**DATA TO EXAMINE**:
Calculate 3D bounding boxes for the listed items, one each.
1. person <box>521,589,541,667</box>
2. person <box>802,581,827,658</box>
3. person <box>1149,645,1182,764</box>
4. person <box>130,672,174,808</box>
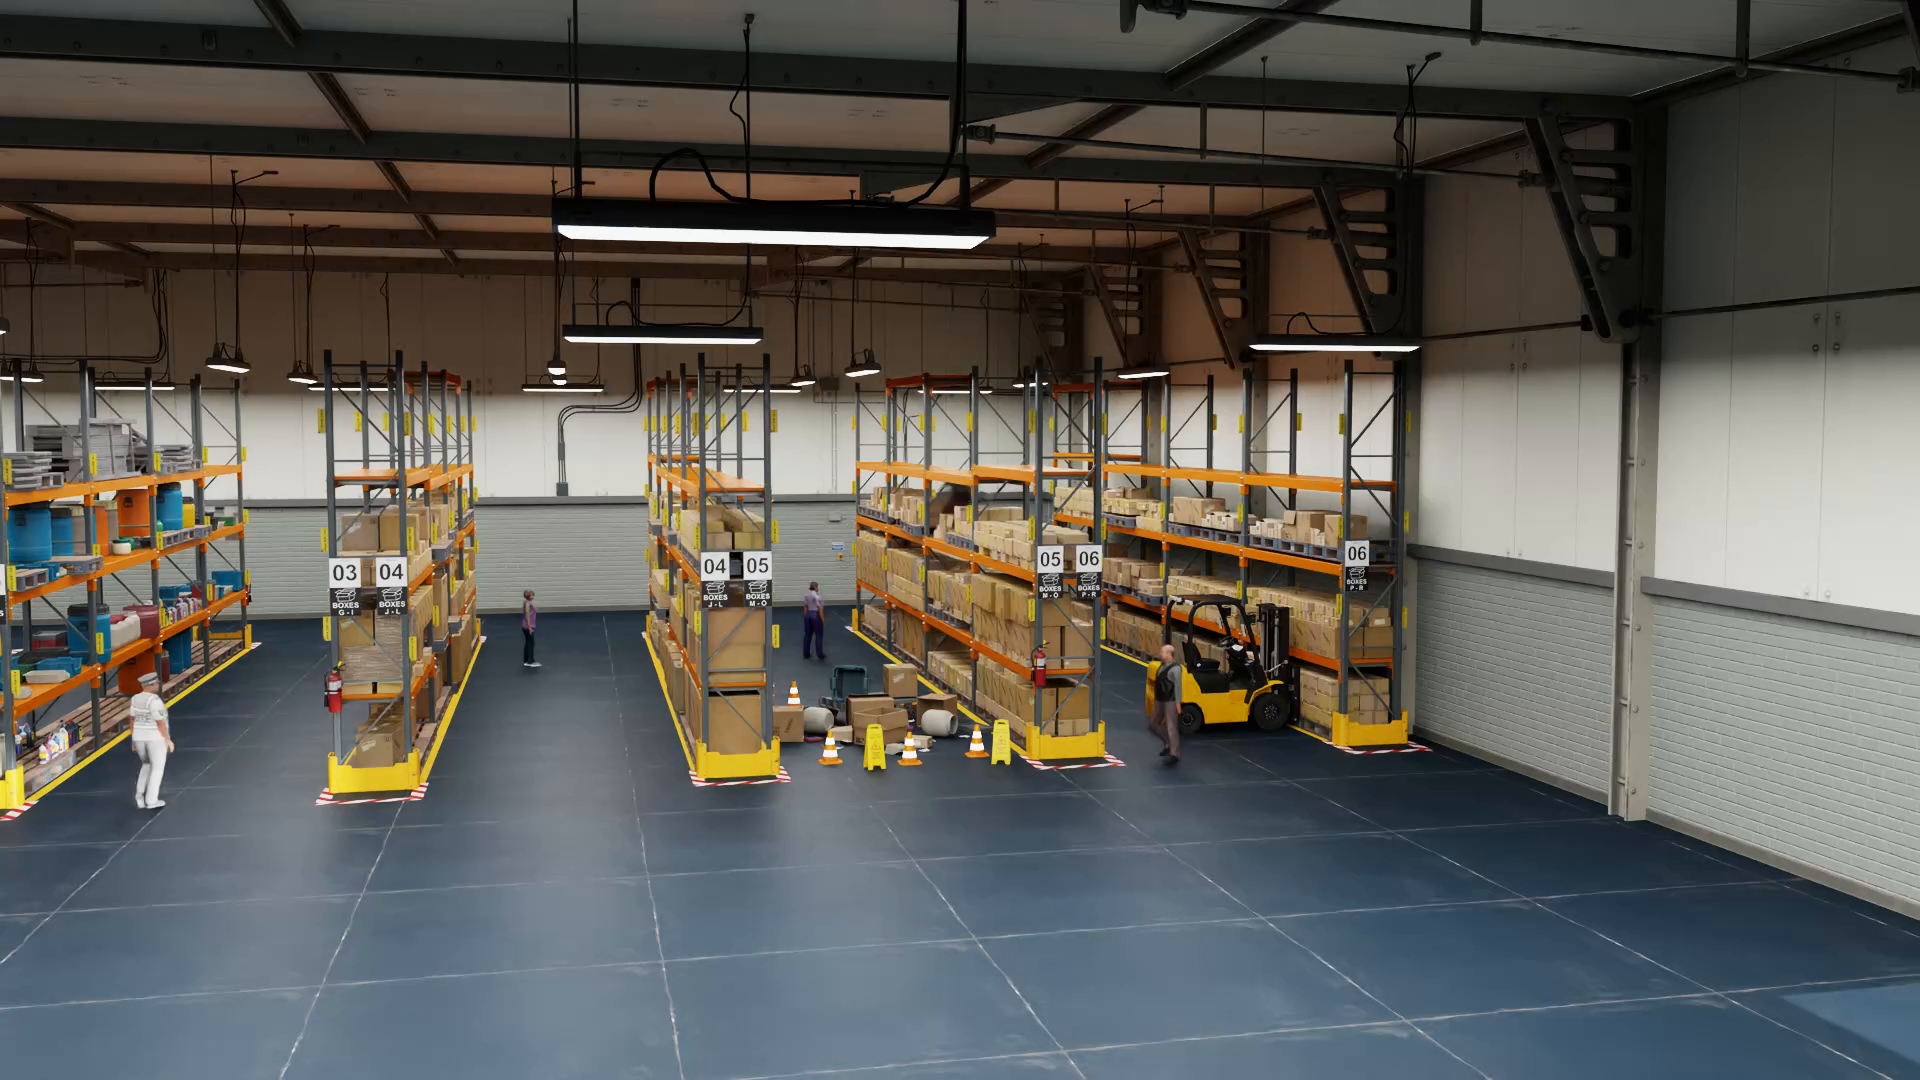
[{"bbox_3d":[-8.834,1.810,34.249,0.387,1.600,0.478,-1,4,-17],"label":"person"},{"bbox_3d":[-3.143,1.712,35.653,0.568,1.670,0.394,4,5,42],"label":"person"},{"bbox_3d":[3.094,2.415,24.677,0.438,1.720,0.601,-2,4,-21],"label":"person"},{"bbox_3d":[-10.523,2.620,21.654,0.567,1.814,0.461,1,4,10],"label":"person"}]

---

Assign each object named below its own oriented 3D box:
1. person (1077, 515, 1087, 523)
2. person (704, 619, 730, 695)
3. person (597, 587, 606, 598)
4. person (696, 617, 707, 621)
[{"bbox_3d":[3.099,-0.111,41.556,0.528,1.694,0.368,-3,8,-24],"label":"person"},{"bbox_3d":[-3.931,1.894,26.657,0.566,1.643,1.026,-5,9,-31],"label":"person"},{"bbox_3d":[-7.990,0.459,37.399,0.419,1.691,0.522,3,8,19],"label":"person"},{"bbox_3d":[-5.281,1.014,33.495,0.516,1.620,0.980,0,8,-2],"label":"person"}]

* * *

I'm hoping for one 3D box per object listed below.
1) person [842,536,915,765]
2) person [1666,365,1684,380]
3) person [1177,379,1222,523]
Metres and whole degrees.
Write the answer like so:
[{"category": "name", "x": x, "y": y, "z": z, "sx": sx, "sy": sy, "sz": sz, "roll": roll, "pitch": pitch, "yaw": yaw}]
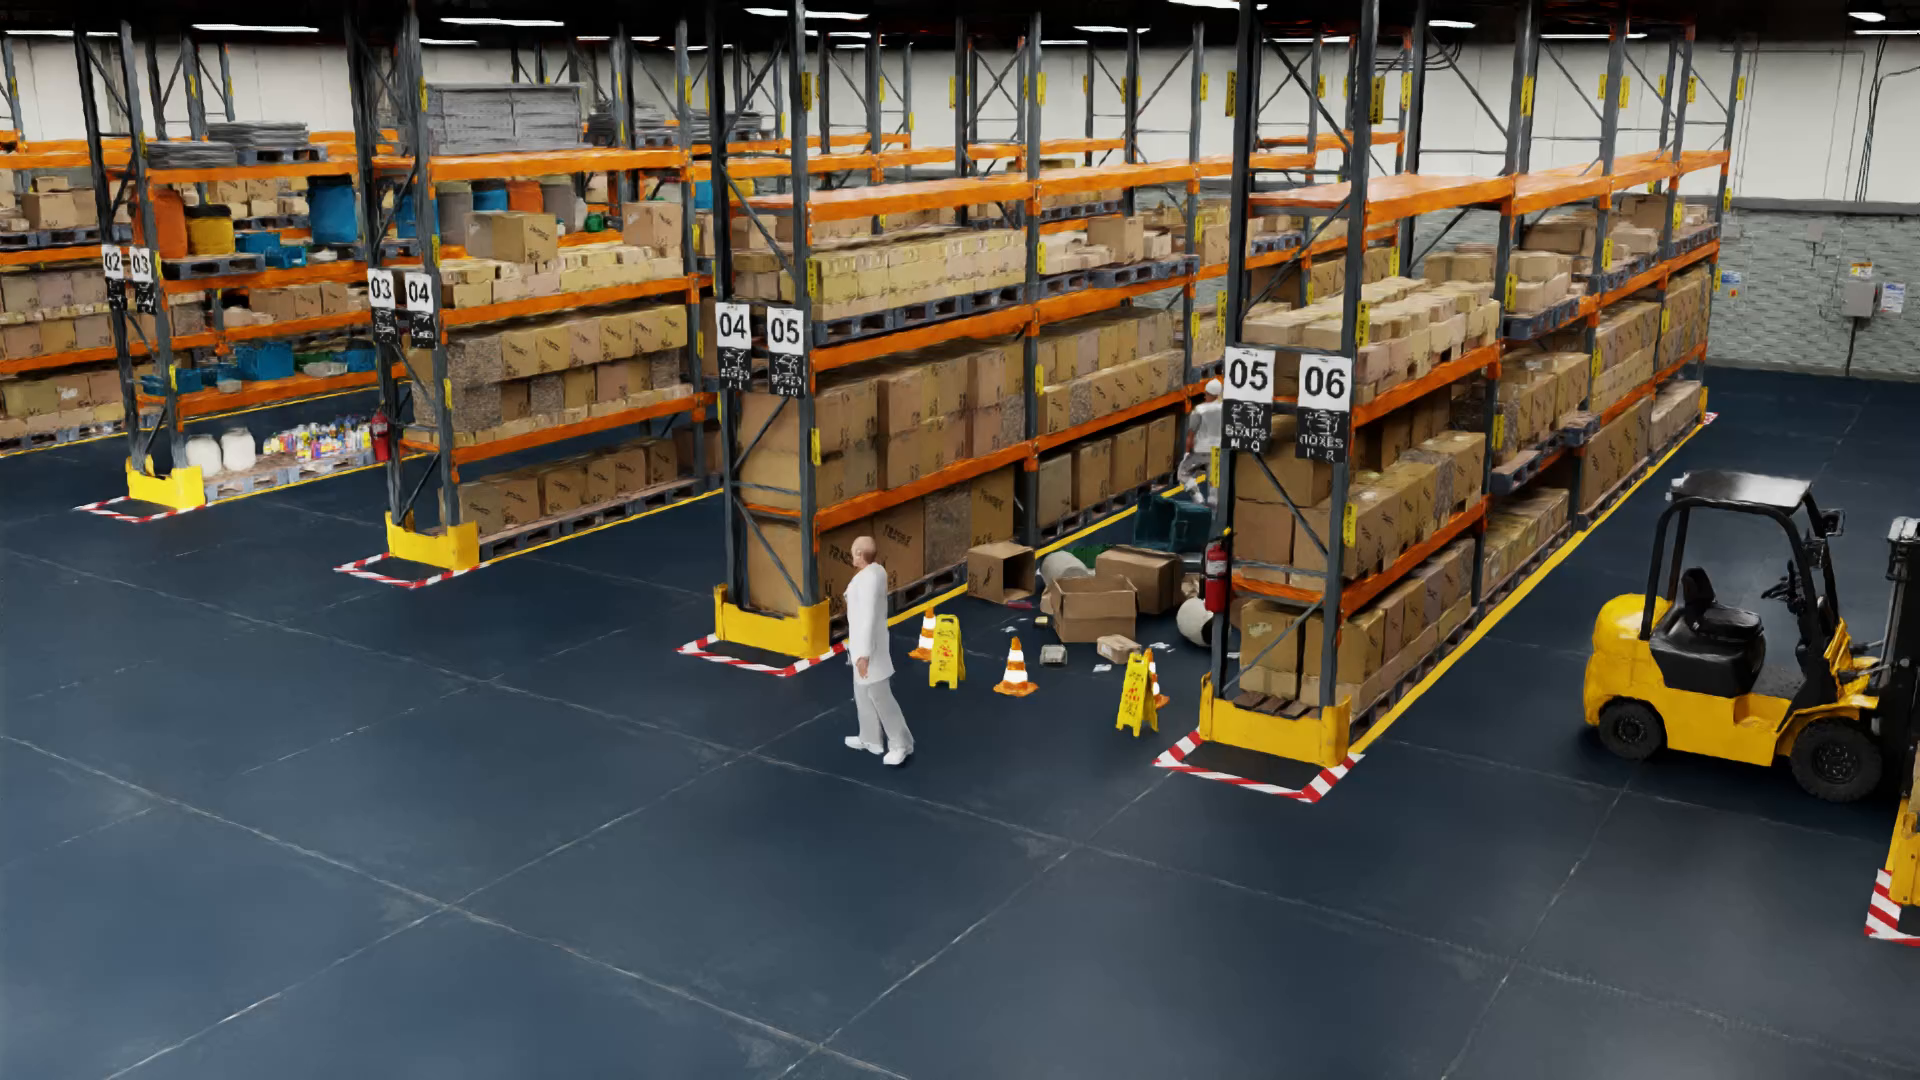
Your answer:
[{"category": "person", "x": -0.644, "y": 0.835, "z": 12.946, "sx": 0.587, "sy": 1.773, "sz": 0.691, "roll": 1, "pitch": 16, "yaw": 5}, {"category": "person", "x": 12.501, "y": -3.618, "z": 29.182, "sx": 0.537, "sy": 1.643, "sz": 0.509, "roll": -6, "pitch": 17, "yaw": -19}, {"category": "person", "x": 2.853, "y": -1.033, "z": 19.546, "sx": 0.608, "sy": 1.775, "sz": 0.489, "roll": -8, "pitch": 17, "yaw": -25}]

**WHAT TO WORK ON**:
Filter the listing so that only lines holding the word "below" remain, and copy those lines.

**ANSWER TO THIS PROBLEM**:
Assign each object named below its own oriented 3D box:
I'm hoping for one 3D box per object listed below.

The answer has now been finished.